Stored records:
>>>
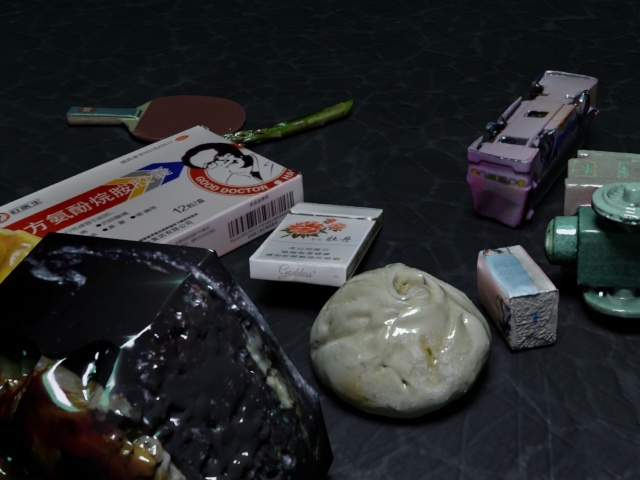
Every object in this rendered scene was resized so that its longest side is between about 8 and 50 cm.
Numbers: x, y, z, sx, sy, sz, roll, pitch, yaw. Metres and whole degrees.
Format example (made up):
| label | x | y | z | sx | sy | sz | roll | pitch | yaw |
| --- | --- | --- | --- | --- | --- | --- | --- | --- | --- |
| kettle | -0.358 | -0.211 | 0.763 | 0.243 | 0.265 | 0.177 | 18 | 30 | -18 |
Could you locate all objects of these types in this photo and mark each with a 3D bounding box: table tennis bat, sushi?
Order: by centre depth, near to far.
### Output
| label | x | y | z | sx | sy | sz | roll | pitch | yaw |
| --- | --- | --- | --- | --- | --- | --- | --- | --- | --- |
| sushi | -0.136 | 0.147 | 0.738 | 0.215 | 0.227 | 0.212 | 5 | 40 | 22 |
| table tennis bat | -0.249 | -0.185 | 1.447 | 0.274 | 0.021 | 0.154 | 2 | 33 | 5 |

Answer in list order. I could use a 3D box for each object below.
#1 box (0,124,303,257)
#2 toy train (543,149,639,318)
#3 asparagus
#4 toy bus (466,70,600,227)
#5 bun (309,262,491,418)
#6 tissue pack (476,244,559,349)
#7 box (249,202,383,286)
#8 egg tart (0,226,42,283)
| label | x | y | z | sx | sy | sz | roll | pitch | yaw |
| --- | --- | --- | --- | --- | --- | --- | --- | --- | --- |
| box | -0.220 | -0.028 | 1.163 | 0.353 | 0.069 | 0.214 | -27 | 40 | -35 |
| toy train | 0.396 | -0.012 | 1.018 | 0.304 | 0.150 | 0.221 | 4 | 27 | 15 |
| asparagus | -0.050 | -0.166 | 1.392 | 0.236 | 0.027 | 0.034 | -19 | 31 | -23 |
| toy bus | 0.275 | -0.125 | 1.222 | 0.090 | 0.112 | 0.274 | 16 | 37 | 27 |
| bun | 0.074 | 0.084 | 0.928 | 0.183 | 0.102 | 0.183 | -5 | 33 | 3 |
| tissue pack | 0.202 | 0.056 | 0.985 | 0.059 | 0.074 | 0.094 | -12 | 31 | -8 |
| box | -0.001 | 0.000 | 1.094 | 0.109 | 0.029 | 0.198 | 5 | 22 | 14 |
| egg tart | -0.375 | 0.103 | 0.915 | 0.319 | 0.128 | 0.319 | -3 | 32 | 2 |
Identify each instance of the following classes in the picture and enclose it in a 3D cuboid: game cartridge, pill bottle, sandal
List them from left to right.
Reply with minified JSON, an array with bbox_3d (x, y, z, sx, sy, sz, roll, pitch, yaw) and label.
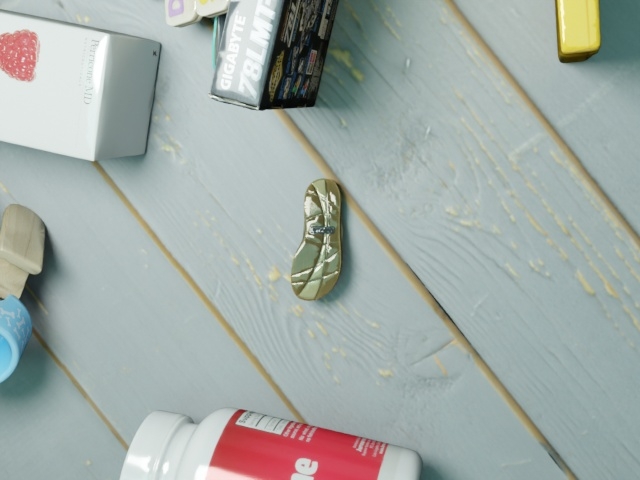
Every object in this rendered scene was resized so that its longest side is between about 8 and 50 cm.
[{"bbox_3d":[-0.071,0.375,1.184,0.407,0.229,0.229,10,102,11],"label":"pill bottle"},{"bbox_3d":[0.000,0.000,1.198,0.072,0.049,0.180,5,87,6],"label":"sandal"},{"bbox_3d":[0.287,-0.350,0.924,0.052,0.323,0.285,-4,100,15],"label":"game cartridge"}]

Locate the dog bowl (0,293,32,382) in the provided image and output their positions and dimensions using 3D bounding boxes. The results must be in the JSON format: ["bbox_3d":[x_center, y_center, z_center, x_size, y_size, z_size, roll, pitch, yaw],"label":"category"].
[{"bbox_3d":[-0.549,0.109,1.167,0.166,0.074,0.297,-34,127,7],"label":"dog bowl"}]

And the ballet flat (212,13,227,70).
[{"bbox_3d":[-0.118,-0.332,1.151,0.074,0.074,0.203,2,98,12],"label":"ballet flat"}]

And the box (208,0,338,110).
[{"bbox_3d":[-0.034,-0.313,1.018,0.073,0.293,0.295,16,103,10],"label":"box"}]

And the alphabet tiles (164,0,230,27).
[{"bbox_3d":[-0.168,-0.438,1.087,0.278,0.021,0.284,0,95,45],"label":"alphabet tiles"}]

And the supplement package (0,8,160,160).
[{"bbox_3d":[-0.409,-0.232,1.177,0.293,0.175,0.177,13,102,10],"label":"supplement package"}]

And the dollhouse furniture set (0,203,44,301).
<<<
What you are asked to do: Using the records above, copy word for word the line with "#8 egg tart (0,226,42,283)", the line with "Reply with minified", and every line between them.

Result for this exercise:
#8 egg tart (0,226,42,283)
| label | x | y | z | sx | sy | sz | roll | pitch | yaw |
| --- | --- | --- | --- | --- | --- | --- | --- | --- | --- |
| box | -0.220 | -0.028 | 1.163 | 0.353 | 0.069 | 0.214 | -27 | 40 | -35 |
| toy train | 0.396 | -0.012 | 1.018 | 0.304 | 0.150 | 0.221 | 4 | 27 | 15 |
| asparagus | -0.050 | -0.166 | 1.392 | 0.236 | 0.027 | 0.034 | -19 | 31 | -23 |
| toy bus | 0.275 | -0.125 | 1.222 | 0.090 | 0.112 | 0.274 | 16 | 37 | 27 |
| bun | 0.074 | 0.084 | 0.928 | 0.183 | 0.102 | 0.183 | -5 | 33 | 3 |
| tissue pack | 0.202 | 0.056 | 0.985 | 0.059 | 0.074 | 0.094 | -12 | 31 | -8 |
| box | -0.001 | 0.000 | 1.094 | 0.109 | 0.029 | 0.198 | 5 | 22 | 14 |
| egg tart | -0.375 | 0.103 | 0.915 | 0.319 | 0.128 | 0.319 | -3 | 32 | 2 |
Identify each instance of the following classes in the picture and enclose it in a 3D cuboid: game cartridge, pill bottle, sandal
List them from left to right.
Reply with minified JSON, an array with bbox_3d (x, y, z, sx, sy, sz, roll, pitch, yaw) and label.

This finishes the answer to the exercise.